The overwhelming majority of the women represented in these statistics are white. The Department of Labor’s statistics also estimated that 6 million women workers are in higher occupational classifications today than they would have been without affirmative action policies---I believe that it is also important to note that Black and Hispanic men, on average, trail White women in earnings. So once again, why do most white women oppose affirmative action? I believe, as Wise alluded to, it is because it has been racialized in the public discourse. The critics of affirmative action characterize it as a Black issue because this enables them to use the negative racial stereotypes associated with Blacks to portray these policies as undeserved hand-outs to an “underqualified and unmotivated” group of people. The media is often complicit in these portrayals. In this respect, the heavy participation of white women in these programs is obscured by media portrayals which, for the most part, completely ignore the role of affirmative action in promoting equality for women. Furthermore, because affirmative action explicitly states that race can be one consideration (among many others, most whites (and some people of color as well) ignore or reject the more pervasive implicit truth that whiteness plays an integral role in the acquisition of jobs, scholarships, promotions, cars, houses and so on---more so than any group of people. The absence of the word “white” does not connote an absence of its presence, privilege or power.

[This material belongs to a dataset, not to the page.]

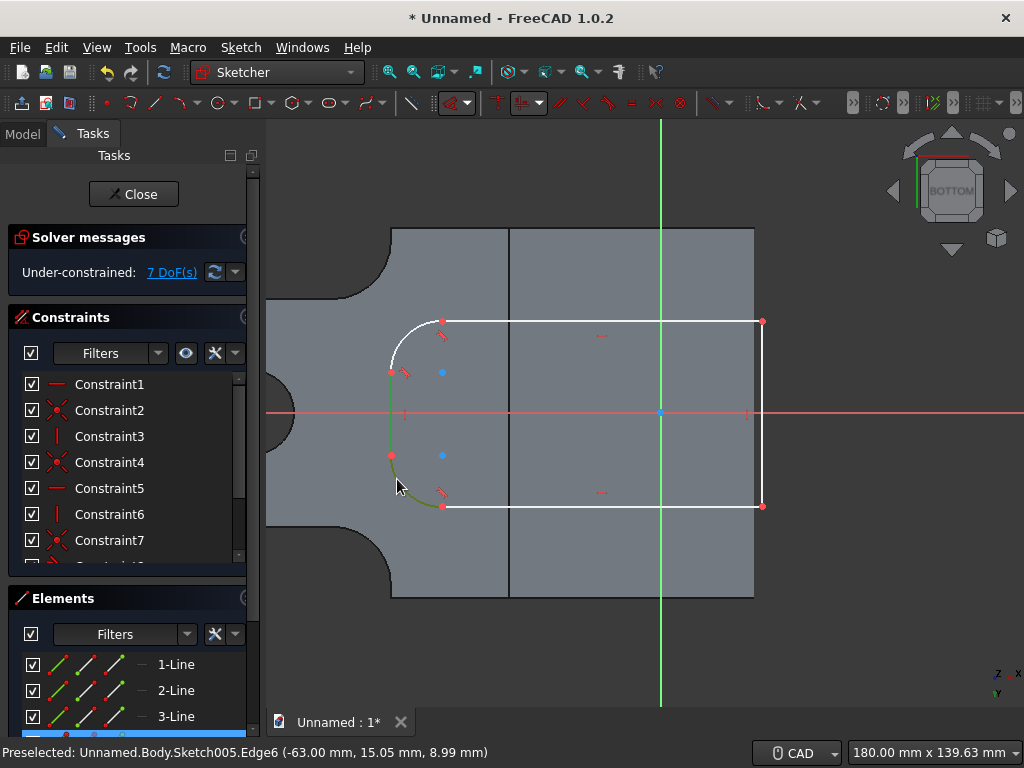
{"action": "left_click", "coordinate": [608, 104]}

Wise, in his aforementioned piece, also goes on to show that “ultimately, white women's views on affirmative action are hardly different from their male counterparts, particularly when the issue is framed as one of preferences. According to National Election Studies since 1986, white women are not substantially different from white men when it comes to their feelings on this issue. Opposition to ‘preferential hiring and promotion’ … [grew] from 86% for white men and 79% for white women in 1986, to 90% for white men and 88% for white women in 1994. Similarly, opposition to admissions preferences in colleges [stood] at around 76% for white men and 70% for white women (Citrin 1996, 43).” This reality played out in Washington (1998) with 51% of white women voting against affirmative action and in the recent defeat of affirmative action programs in Michigan with 59 percent of white women (82 percent of non-white women voted against it) voting to approve Proposal 2---the measure was approved 58 to 42 percent. A consequence of this dynamic that I believe bears mentioning, is that women of color (especially Black & Hispanic women) are not able to work with White women on other issues of concern (sexism, misogyny etc.) when they perceive that the vast majority of them are indifferent or antagonistic to the realities of racial discrimination in their lives and to the mechanisms that they believe would be instrumental in redressing those realities.
So let us recap the issues of affirmative action and “racial preferences.” Blacks and other people of color are the face of a program that benefits white women more than any other group of people. Society ultimately ignores the actual racial preferences that create more job and career opportunities for whites---even to the point of white ex-cons having the same shot at employment as Blacks who don’t have a criminal record; the white privilege that still allows white students (more than any other group) to get into their college of first choice---while loading up on admission evaluation points made possible by past discrimination and current educational and economic inequities; as well as the racial and class preferences that got President Bush into Yale and kept him out of Vietnam. Additionally, while Blacks ultimately will receive less pay than their white counterparts (even with similar or better credentials and experience) and inherit less (based largely on past and current discriminatory practices), they will still pay more for automobiles and houses---houses which will accrue less equity than those owned by whites. Where in these numbers do we find the need to end affirmative action?